Alibaba’s Qwen3-Coder, a new open-source AI model, now rivals top proprietary systems in software engineering and agentic tasks, setting a new benchmark.
Chinese e-commerce giant Alibaba’s latest release, Qwen3-Coder, strengthens the case that open-source models are now capable of matching proprietary AI systems, at least when it comes to software engineering tasks.
Featuring a 480B-parameter Mixture-of-Experts design and support for extended context windows, the model aims to tackle long-horizon agentic tasks that require planning, tool use and iterative feedback.
Alibaba has also released an open agentic CLI tool, Qwen Code, to showcase how the model performs in practice. The model also leads open-source performance on tasks like agentic tool use and browser automation, hinting at broader ambitions beyond pure code generation.
The Benchmarks Show a Closing Gap
Across coding, tool use and browser automation, Qwen3-Coder doesn’t just close the gap with closed models like Claude 4 Sonnet; it often matches them.
On the SWE-bench Verified benchmark, Qwen3-Coder clocks 67% accuracy, which rises to 69.6% with extended multi-turn interactions. That’s just below Claude 4 Sonnet’s 70.4%, but well ahead of GPT-4.1 at 54.6% and Gemini 2.5 Pro at 49.0%.
Its long-context support, with native capacity of 256k tokens, expandable to 1 million tokens; large-scale RL training and custom agent tooling like Qwen Code position it as a serious player in developer workflows—one that’s not just open, but optimised.
Qwen3-Coder now leads all open-source models on the Artificial Analysis Intelligence Index with a score of 62, nearly on par with Claude 3.7 Sonnet (62.3), as highlighted by Cline, an autonomous coding agent, on X. It outpaces DeepSeek, Kimi K2 and even closed models like GPT-3.5, reflecting its broad competence across reasoning, coding and long-context benchmarks.
Its benchmark dominance stretches further. In tasks like agentic browser use, where it scores 49.9% on WebArena, or real-world tool use with 77.5% on TAU-Bench Retail, Qwen3-Coder often leads the open pack and, occasionally, outperforms everyone.
Reactions on X Say the Quiet Part Out Loud
The launch has not gone unnoticed by the developer community. Qwen3-Coder surpassed Kimi-K2 in less than two weeks since its debut.
“Despite a significant initial lead, open source models are catching up to closed source and seem to be reaching escape velocity,” said Cline, the autonomous coding agent on X.
Others were more direct in their praise.
“It can write code better than most programmers,” Lukasz Olejnik, an assistant professor at SGH Warsaw School of Economics, said. He noted that Qwen3-Coder supports 358 programming languages and understands entire large-scale projects, adding, “Most importantly, it’s completely free and open source…Meanwhile, OpenAI was expected to release an open-source model, but that hasn’t quite happened.”

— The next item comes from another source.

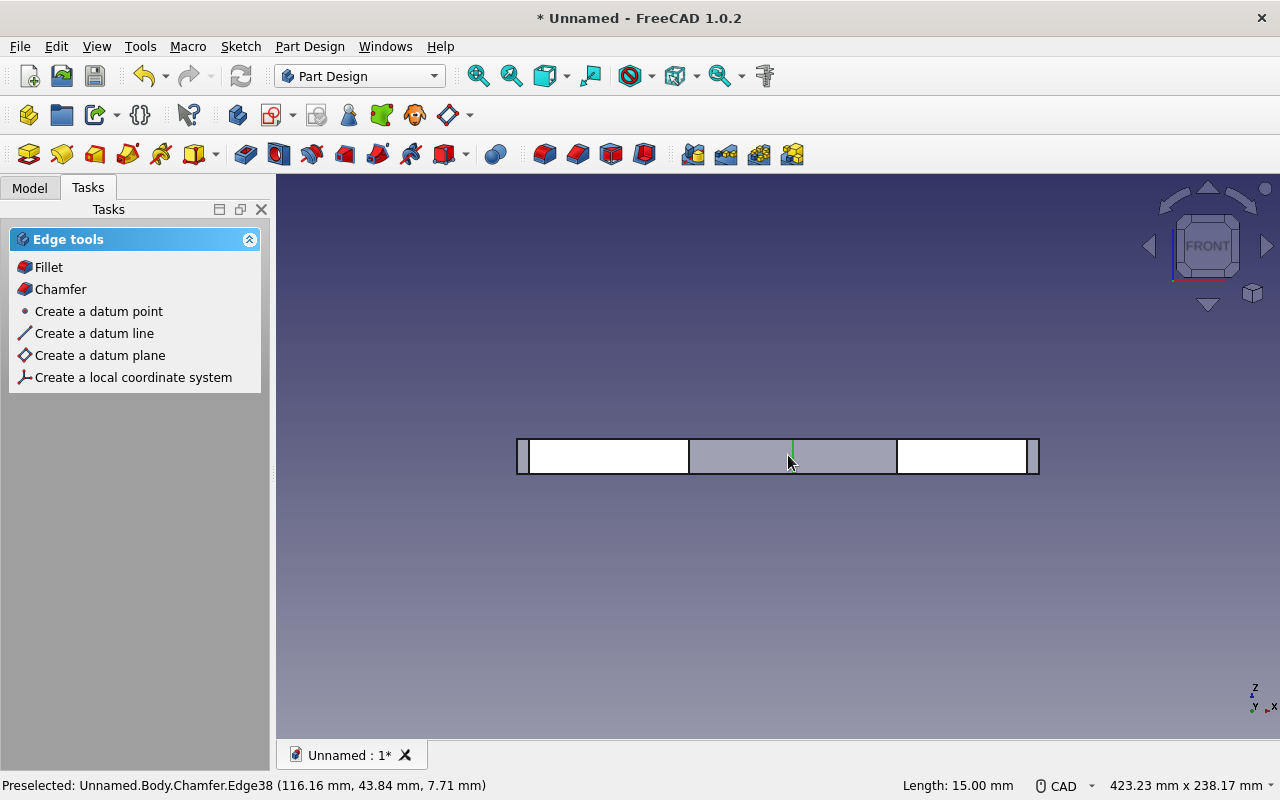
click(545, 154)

That sentiment—a mix of admiration and gentle prodding—has echoed across technical circles. With Claude, Gemini and GPT-4 still largely locked down, Qwen3-Coder has become an unlikely rallying point for the open community.
More Focus on Open Source AI Models Going Forward
There’s little doubt that Qwen3-Coder has tilted the field. In the Artificial Intelligence Index, it now leads all open models with an index score of 62, just behind Claude 3.7 and Claude Opus 4 and comfortably ahead of GPT-3.5. For an open source model, that is noteworthy.
Meanwhile, OpenAI’s much-awaited open-weights model, originally due in June, is delayed. In the meantime, however, Alibaba has already shipped.
On July 23, the White House shared America’s AI Action Plan, in which it weighed in on encouraging open-source and open-weight AI models. It mentioned that these models benefit commercial and government adoption of AI because many businesses and governments have sensitive data that they cannot send to closed model vendors.
Furthermore, the US government mentioned that the models are essential for academic research, which often relies on access to the weights and training data of a model to perform scientifically rigorous experiments.
“We need to ensure America has leading open models founded on American values. Open-source and open-weight models could become global standards in some areas of business and in academic research worldwide,” the action plan paper read.
“While the decision of whether and how to release an open or closed model is fundamentally up to the developer, the Federal government should create a supportive environment for open models,” it added.
For now, it seems like Qwen and China are setting the pace for open-source coding, not GPT and the United States.